A Hazard Analysis Critical Control Point Plan or HACCP Plan is a food safety monitoring system that allows you to identify and manage biological, chemical, or physical food hazards and the actions that you must perform to prevent them from occurring.

You must use a HACCP plan and identify all possible food hazards for each individual step of your process.

Once you have determined all the potential food hazards you must then determine the action that is the required to prevent, reduce, or eliminate their occurrence – these actions are known as control measures.

Each control measure that you put in place should then have a critical limit which outlines the acceptable minimum or maximum acceptable values that it must meet to ensure the hazards are being mitigated successfully.

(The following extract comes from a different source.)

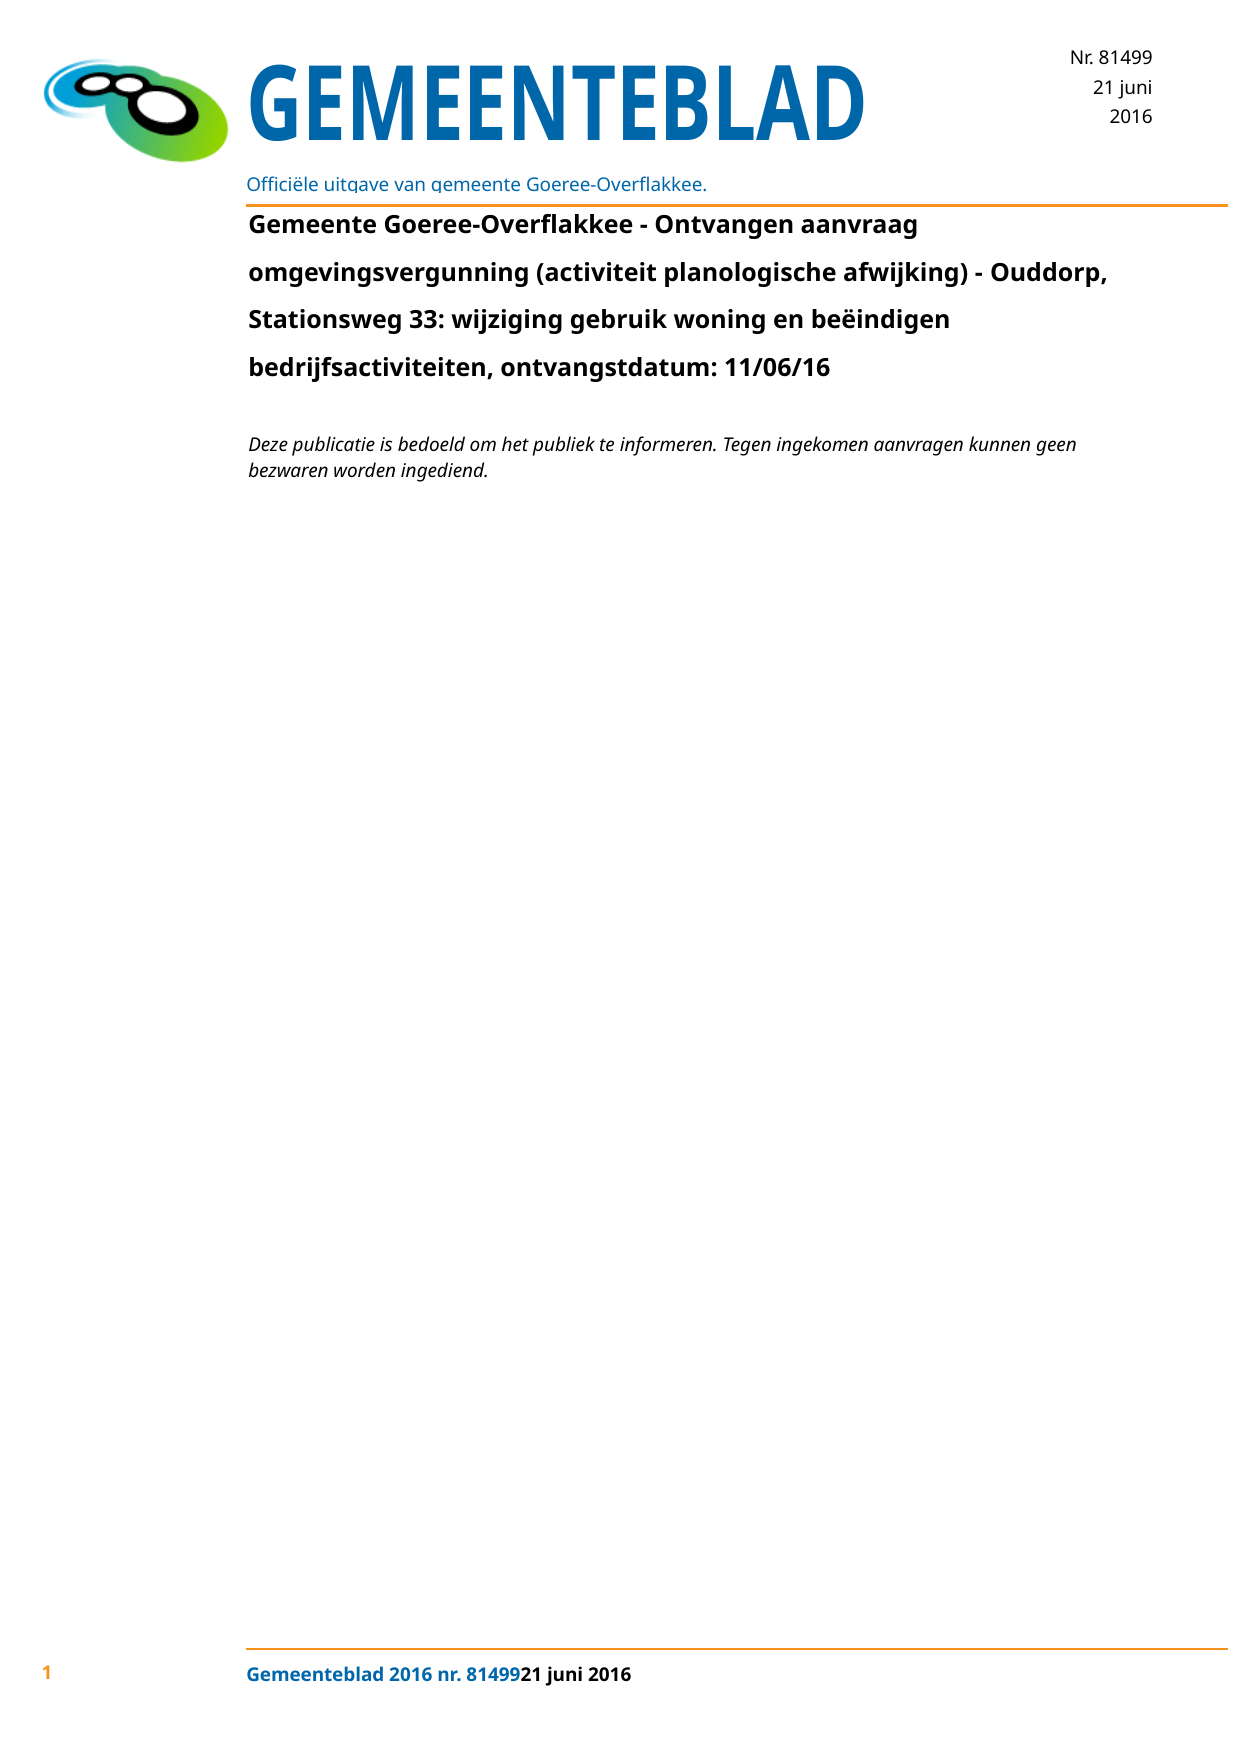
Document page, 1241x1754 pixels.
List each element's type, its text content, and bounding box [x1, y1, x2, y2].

The successfulness of your control measures should always be closely monitored and recorded so that you can quickly identify the need for and implement corrective action if a control measure is failing.

HACCP does not specify how frequently you should be monitoring your processes but stipulates that it must reflect both the nature and size of your business.

When considering the corrective action that must be applied consider all the steps you must take to ensure you not only effectively fix the problem but also investigate its root cause and prevent its reoccurrence in the future.

It is also essential to your compliance that you both validate and verify your HACCP plan periodically to ensure that is performing successfully and determine ways in which it could be improved.

Continuous improvement is integral to the success of any business helping to improve your productivity and growth.

Download our free HACCP Plan PDF template or learn how to create your own.

Remember your HACCP records must be retained for a suitable amount of time so that you can effectively evidence that your food safety system is performing successfully.